下ごしらえの技術も、熟成の概念も、部位ごとの適切な火入れの知識も、ここにはない。
彼らはただ、硬くて臭い肉を、強い香草や香辛料で誤魔化して、無理やり胃袋に詰め込んでいるだけなのだ。
大角鹿の解体作業とは別に、厨房の奥から新たな声が上がった。
「ヴァルター料理長! 本日の辺境伯様の昼食用の『猪豚』のロースト、焼き上がりました!」
「よし、たっぷりと赤ワインのソースをかけろ。肉の臭みを消すんだ」
オーブンから出された肉の塊を見て、俺は木箱から立ち上がり、静かに調理台へ歩み寄った。
「待ってください。その肉、切る前に俺に三十秒だけ見せてください」
「な、なんだお前は!」
若い料理人が怪訝な顔をする。俺はまな板の上の肉を指差した。
「このまま切れば、せっかくの肉汁が全部流れます。
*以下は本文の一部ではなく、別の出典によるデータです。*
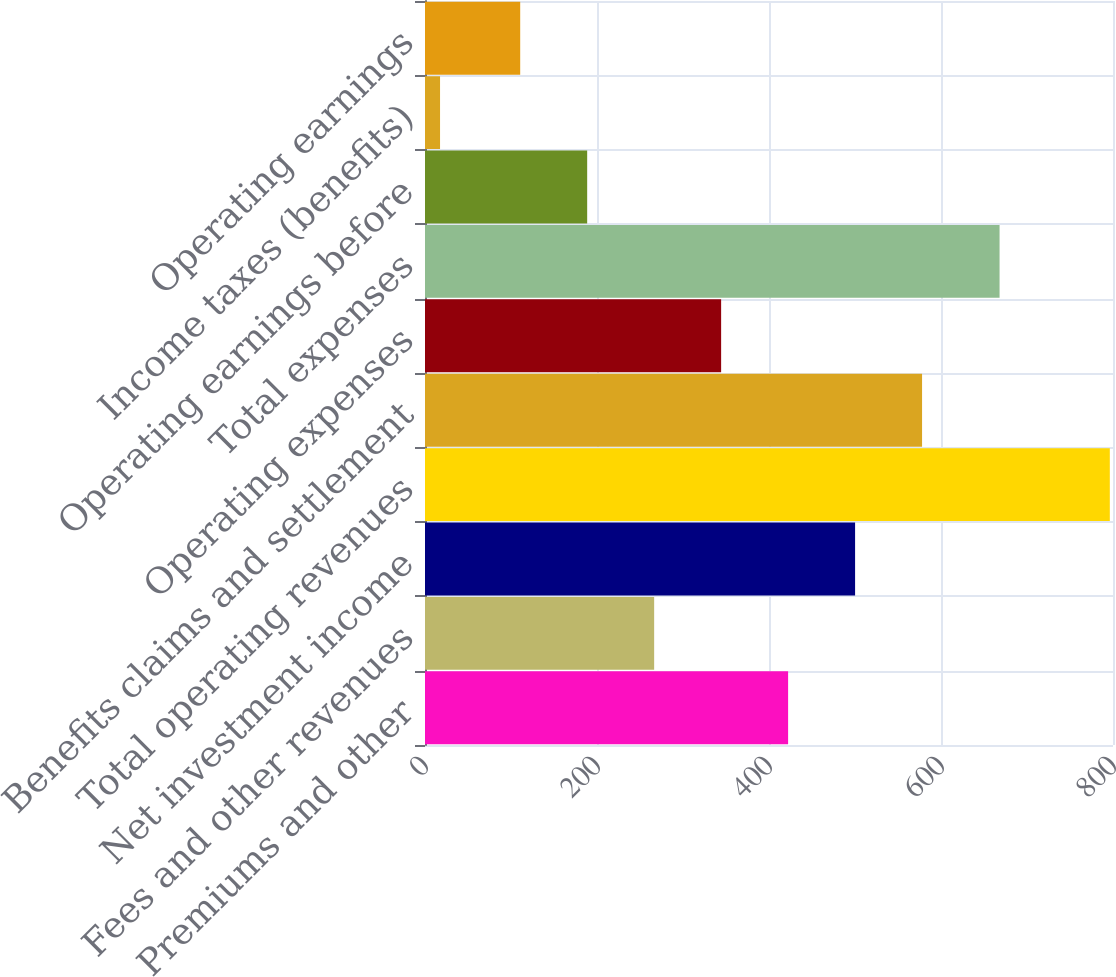Convert chart. <chart><loc_0><loc_0><loc_500><loc_500><bar_chart><fcel>Premiums and other<fcel>Fees and other revenues<fcel>Net investment income<fcel>Total operating revenues<fcel>Benefits claims and settlement<fcel>Operating expenses<fcel>Total expenses<fcel>Operating earnings before<fcel>Income taxes (benefits)<fcel>Operating earnings<nl><fcel>422.22<fcel>266.46<fcel>500.1<fcel>796.3<fcel>577.98<fcel>344.34<fcel>668.1<fcel>188.58<fcel>17.5<fcel>110.7<nl></chart>

昼食を台無しにしたくないなら、触らせてください」
「おい! 何をしている、下町の料理人! 肉に触れるな!」
ヴァルターが血相を変えて飛んできた。
「煮込みの組み立ては悪くないですよ、ヴァルター料理長。だが、この肉はその前に助けないと駄目だ」
「ふざけるな! お前のような素人に教わることなど何もない! 構わん、切れ!」
ヴァルターの命令で、若い料理人が無理やり包丁を入れる。
その瞬間――肉の断面から、生ぬるい赤い肉汁がとめどなく溢れ出し、まな板を汚した。
外側は炭のように焦げ、中心の生焼け部分からは旨味の詰まった水分が逃げ出し、見るも無惨なパサパサの塊に成り果ててしまった。
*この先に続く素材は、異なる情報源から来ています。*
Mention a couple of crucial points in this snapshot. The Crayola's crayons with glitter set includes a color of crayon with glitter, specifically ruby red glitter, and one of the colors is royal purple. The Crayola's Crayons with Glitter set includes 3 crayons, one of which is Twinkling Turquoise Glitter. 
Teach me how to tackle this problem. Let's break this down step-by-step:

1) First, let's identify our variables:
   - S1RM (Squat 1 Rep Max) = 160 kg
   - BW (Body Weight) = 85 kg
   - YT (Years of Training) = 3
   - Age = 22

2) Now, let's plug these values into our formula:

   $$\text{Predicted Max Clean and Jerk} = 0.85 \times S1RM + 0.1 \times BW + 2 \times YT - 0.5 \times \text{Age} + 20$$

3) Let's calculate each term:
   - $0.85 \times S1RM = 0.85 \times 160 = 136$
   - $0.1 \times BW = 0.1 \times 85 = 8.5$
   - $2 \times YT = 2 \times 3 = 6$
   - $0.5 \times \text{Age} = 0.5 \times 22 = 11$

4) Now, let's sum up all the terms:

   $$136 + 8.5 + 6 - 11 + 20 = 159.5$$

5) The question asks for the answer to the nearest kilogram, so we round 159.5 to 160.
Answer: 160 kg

周囲の下働きたちも、その切り口の悲惨さに息を呑む。これでは香草をいくら足しても臭みは抜けない。
「……三分だけ貸してください」
呆然とする若い料理人の手から、俺は静かに包丁を受け取った。
「止めろ! その肉は辺境伯様の昼食だぞ! いくらファルク卿の許可があろうと、そのような勝手は許さんぞ!」
ヴァルターがわめく中、俺は焦げた表面を素早く削ぎ落とし、中心の生焼けの部分だけを正確に切り出した。そして、繊維の向きを見極め、厚みを均等に揃える。
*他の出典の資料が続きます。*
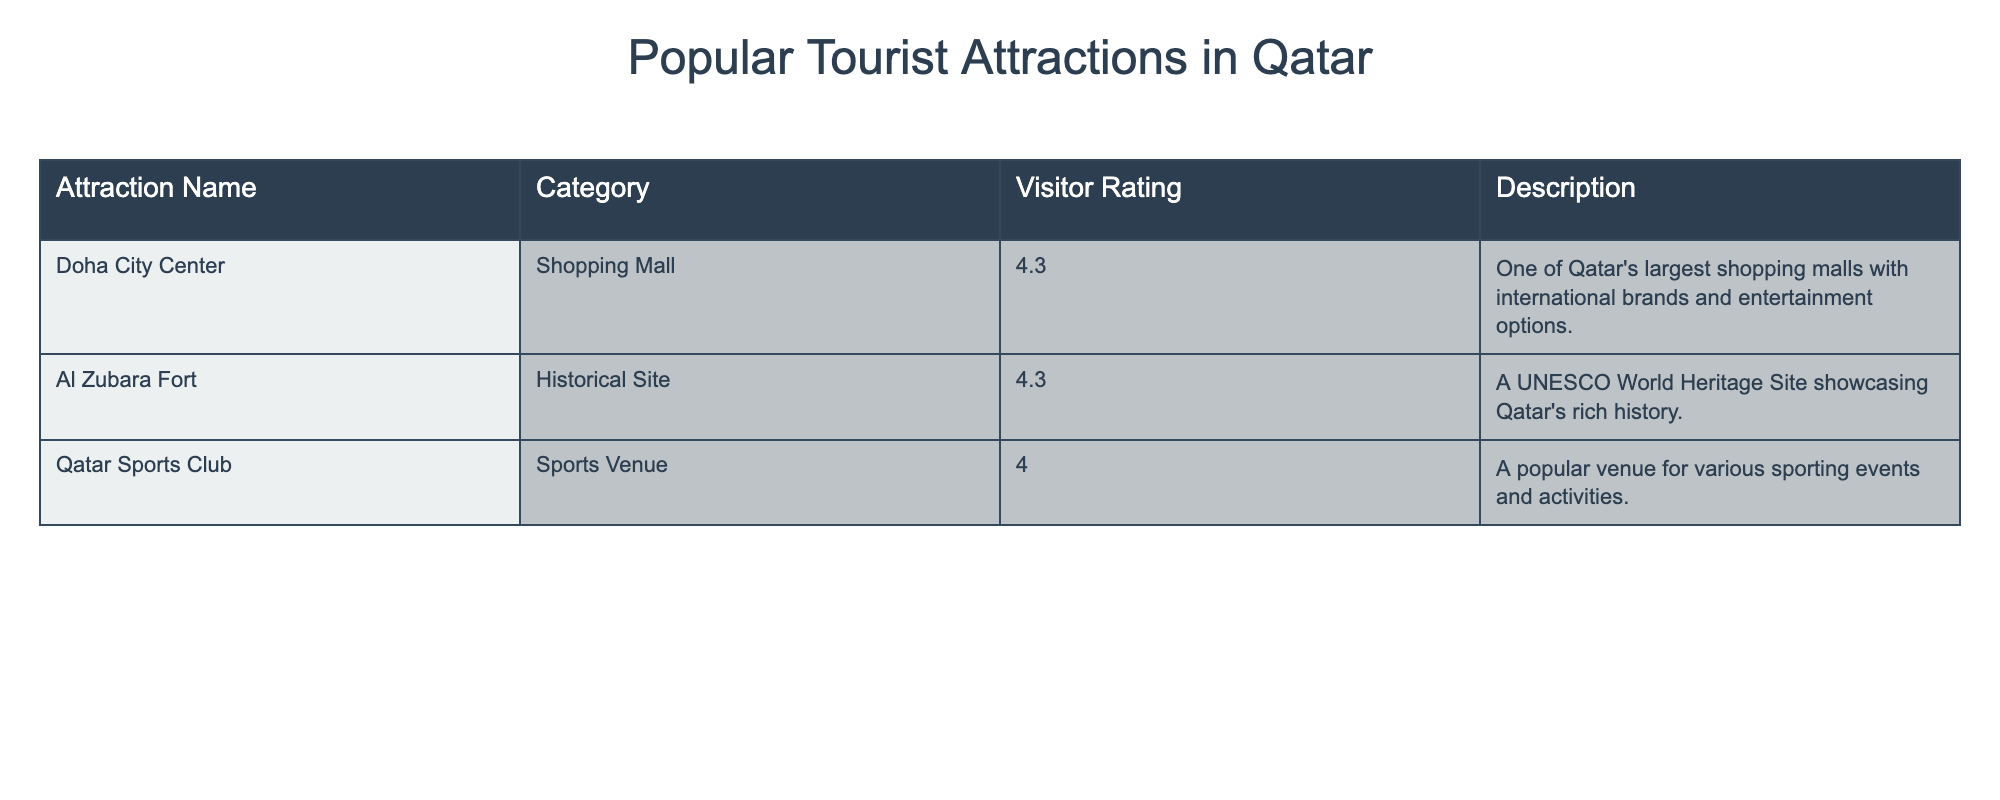What is the visitor rating of Doha City Center? The table lists the visitor rating for Doha City Center, which is explicitly mentioned in the "Visitor Rating" column. This rating is 4.3
Answer: 4.3 Which attraction has the highest visitor rating? By examining the "Visitor Rating" column, we can see that both Doha City Center and Al Zubara Fort have the highest rating of 4.3. Therefore, the recognition goes to both attractions as having the top rating
Answer: Doha City Center and Al Zubara Fort Is the Qatar Sports Club rated higher than 4.0? Checking the "Visitor Rating" for Qatar Sports Club, it shows a rating of 4.0. Since the question is asking if it is higher, we note that it is equal but not greater than 4.0
Answer: No What category does Al Zubara Fort belong to? The "Category" column indicates the type of attraction, and for Al Zubara Fort, the category is "Historical Site"
Answer: Historical Site What is the average visitor rating of the attractions listed? We sum the visitor ratings: (4.3 + 4.3 + 4.0) = 12.6, then divide by the number of attractions, which is 3. Therefore, the average is 12.6 / 3 = 4.2
Answer: 4.2 Do all attractions have a visitor rating above 4.0? Each attraction is checked against the rating threshold of 4.0. Doha City Center is rated 4.3, Al Zubara Fort is rated 4.3, and Qatar Sports Club is rated 4.0. Since Qatar Sports Club is not above 4.0 but equal, the statement is false
Answer: No Is there an attraction categorized as a shopping mall? Looking at the "Category" column, Doha City Center is listed under the "Shopping Mall" category, confirming the presence of such an attraction
Answer: Yes What is the combined visitor rating of Doha City Center and Qatar Sports Club? We take the ratings of Doha City Center (4.3) and Qatar Sports Club (4.0), and sum them: 4.3 + 4.0 = 8.3. This gives us the combined visitor rating
Answer: 8.3 Which attraction has a description mentioning "Qatar's rich history"? Reviewing the "Description" column for clues, Al Zubara Fort’s description contains the phrase "showcasing Qatar's rich history." Therefore, this attraction fits the criteria
Answer: Al Zubara Fort

強火にかけた別のフライパンに少量の油を引き、肉の表面を一気に焼き固め、香ばしい香りを立たせた。その後、素早く火から外し、厨房にあった厚手の布で包み、熱を逃がしすぎないようにして余熱で中まで火を通した。
そして少し休ませて、肉汁を落ち着かせる。
一連の淀みない流れるような動作に、厨房の全員が言葉を失っていた。
「肉はな、ただ火を通せばいいってもんじゃねえんだよ。命をいただくんだ。最高に美味くしてやらなきゃ、死んだ獣に申し訳が立たねえだろうが」
さあ、特等席で見せてやる。
お前らが独占してきた『肉』の、本当の美味さってやつを。